Только я собрался просмотреть последние сообщения по видео, как Ван вдруг вскочил с кровати.

- Есть! Нашел!

Я взглянул на него, а Тор после минутного колебания выключил автомат.

- Вопрос первый, - голос Вана звучал торжественно, - сдадите ли вы экзамены у Пата?

- Нет, - ответил я.

- Пожалуй, нет, - подтвердил Тор.

- По нулю обоим, - изрек Ван совсем так, словно он был цереброскопом. - В том-то и дело, что сдадите.

Тор пожал плечами. Я хотел о чем-то спросить, но Ван не дал мне сказать ни слова.

- Не мешай. Вопрос второй: долго ли вам придется зубрить?

- Минимум две недели, - ответил Тор, подумав.

Я кивнул.

- Опять ноль. Ни секунды.

- Хорошо! Но…

- Подожди. Вопрос третий: как бы вы назвали человека, который поможет вам это осуществить?

- Гением!

- Защитником угнетенных!

- Единица! - ответил Ван. - Этот человек - я. Присвоенные мне титулы напишите печатными буквами на листе и повесьте над моей кроватью. Так вот, идея настолько проста, что даже удивительно, как никто раньше не додумался до этого. С чем цереброскоп сравнивает полученные от нас ответы? С сообщениями, идущими от мнемотронов. Стало быть, достаточно подключиться к волноводу, собрать информацию и послать ее на передающее устройство с силой, равной силе тока нашего мозга. Эту информацию зарегистрируют как ответ на вопрос. Если ты сам в это время не будешь ни о чем думать, ответ получится на сто процентов правильный. Ну, как?

- Идея отличная, но для ее осуществления необходимо знать устройство цереброскопа. А как ты узнаешь? Ведь в наших мнемотронах о нем нет ни слова.

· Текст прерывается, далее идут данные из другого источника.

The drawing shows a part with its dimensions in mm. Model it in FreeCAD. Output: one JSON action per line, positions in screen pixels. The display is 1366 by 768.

- Это трудность технического порядка, отчего идея не становится менее великой.

- Однако что-то нужно сделать.

- Я подумал об этом. Устройство автомата мы узнаем во время дежурства Макса.

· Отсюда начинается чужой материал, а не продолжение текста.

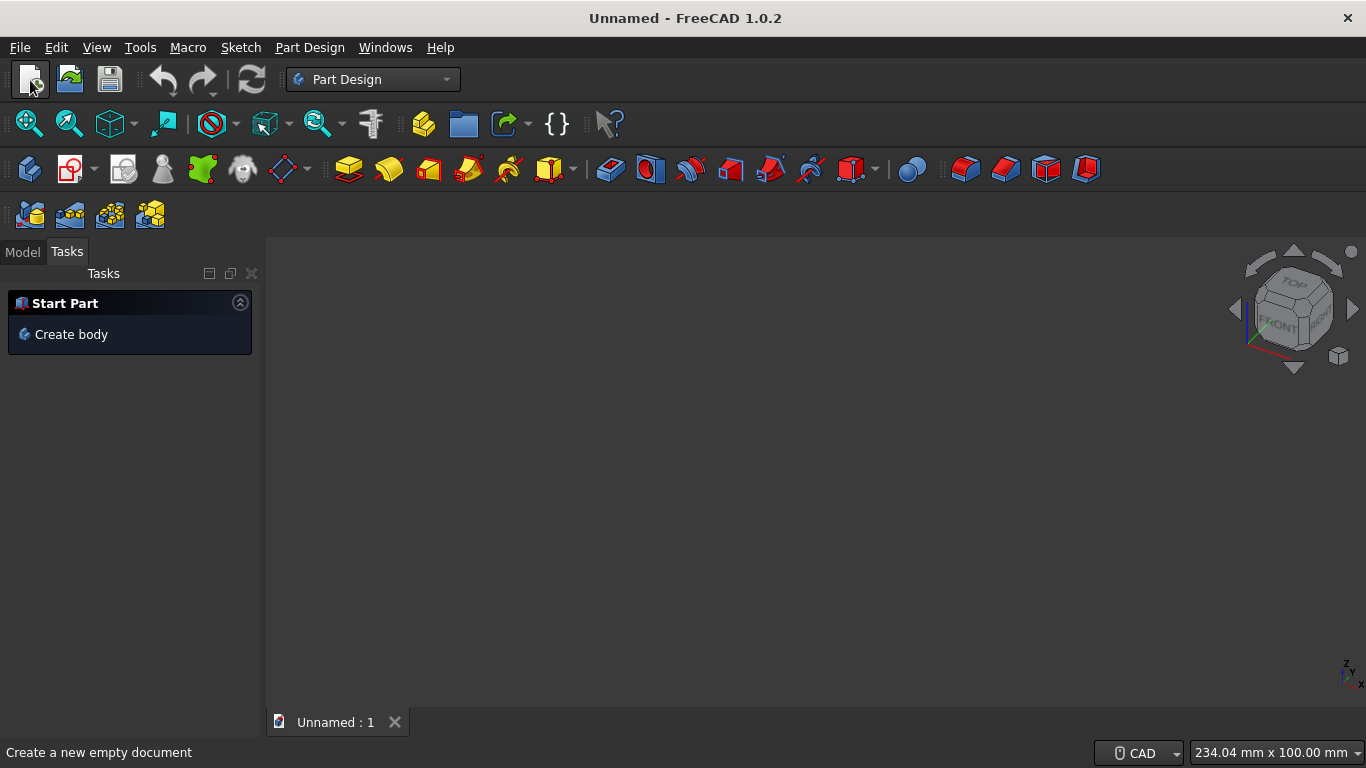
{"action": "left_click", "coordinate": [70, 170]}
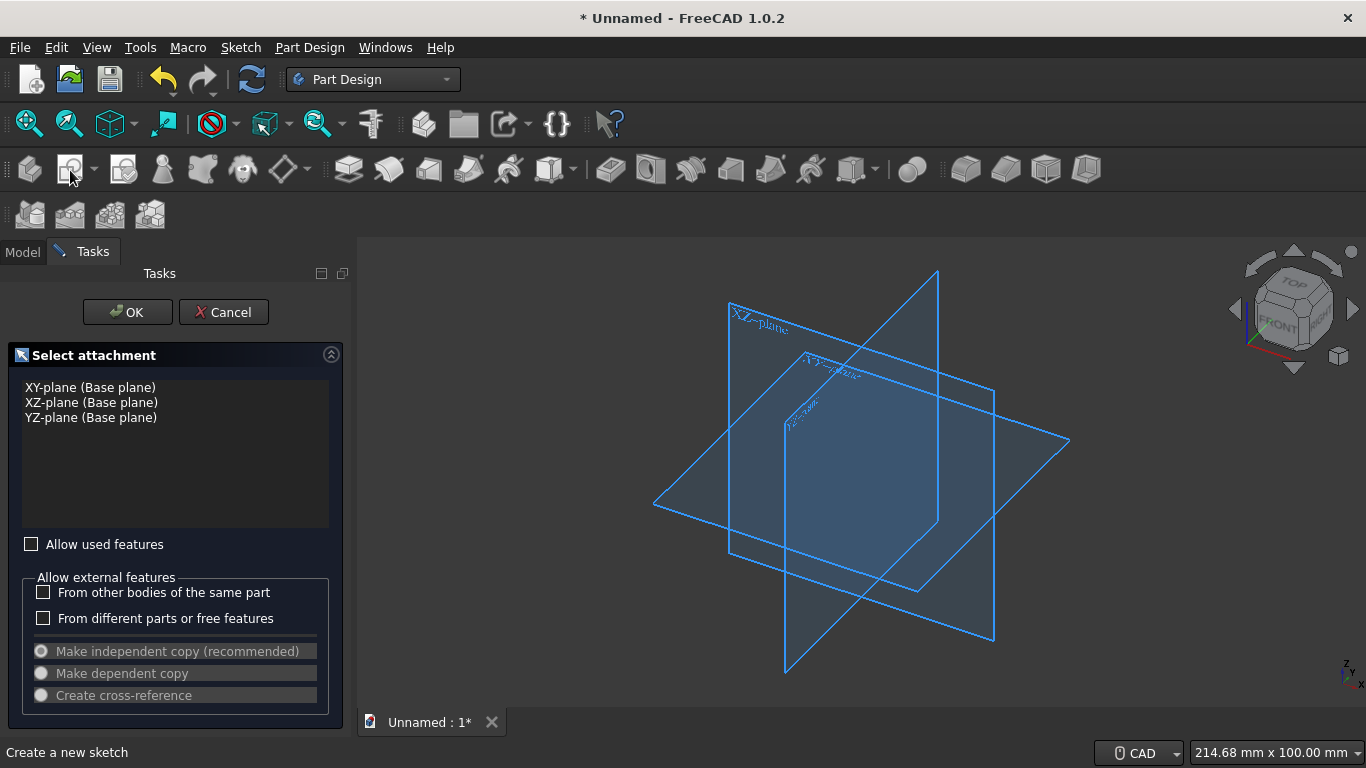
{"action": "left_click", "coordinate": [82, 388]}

- Но он не разрешает даже приблизиться к машине. Попробуем лучше во время дежурства другого ассистента.

- Ничего, разрешит. Ты, Тор, пойдешь к нему со своими средневековыми бумажками - почтовыми марками, - так, кажется, они называются. Макс по ним с ума сходит. Можешь даже подарить ему несколько штук. Важно, чтобы он не помешал осмотреть аппаратуру.

- Ладно, но…

- Никаких "но". Для общего блага тебе придется обуздать свою непонятную любовь к намазанным клеем бумажкам.

Больше спорить было не о чем. На следующий день мы пошли к Максу.

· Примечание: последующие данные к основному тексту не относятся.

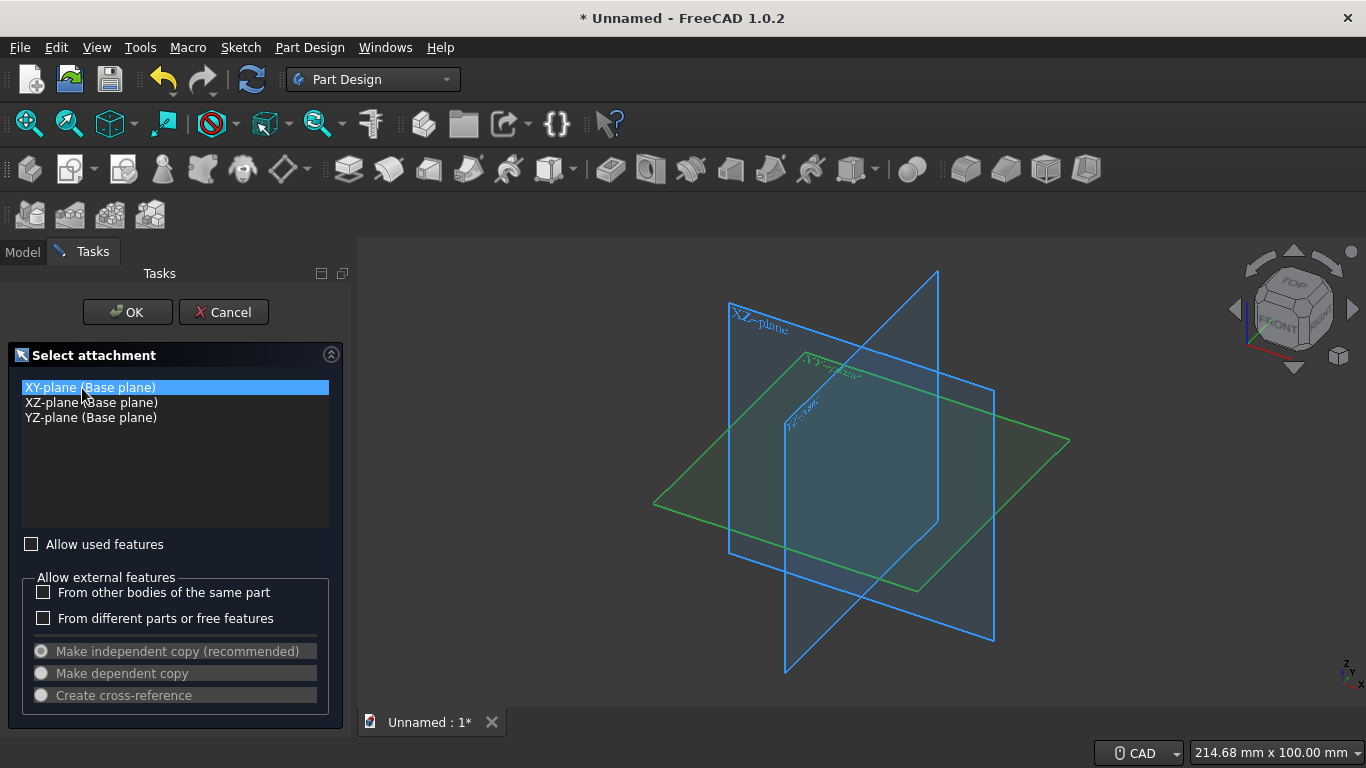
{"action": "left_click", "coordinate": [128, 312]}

- Вы не видели цереброскоп? Не унывайте, еще увидите, скрипуче рассмеялся он вместо приветствия.

- Видели. Ничего особенного - немного проводов и стул под шлемом. А поближе мы с ним познакомимся во время беседы с Патом, - начал Ван.

- Ну-ну, - засмеялся Макс, на этот раз уж совершенно неизвестно почему.

Ободренный столь удачно развивающейся беседой, Ван приступил к существу дела.

- Коллега, - он указал на Тора, - только что получил из Европы несколько марок, но не знает, к какому периоду они относятся.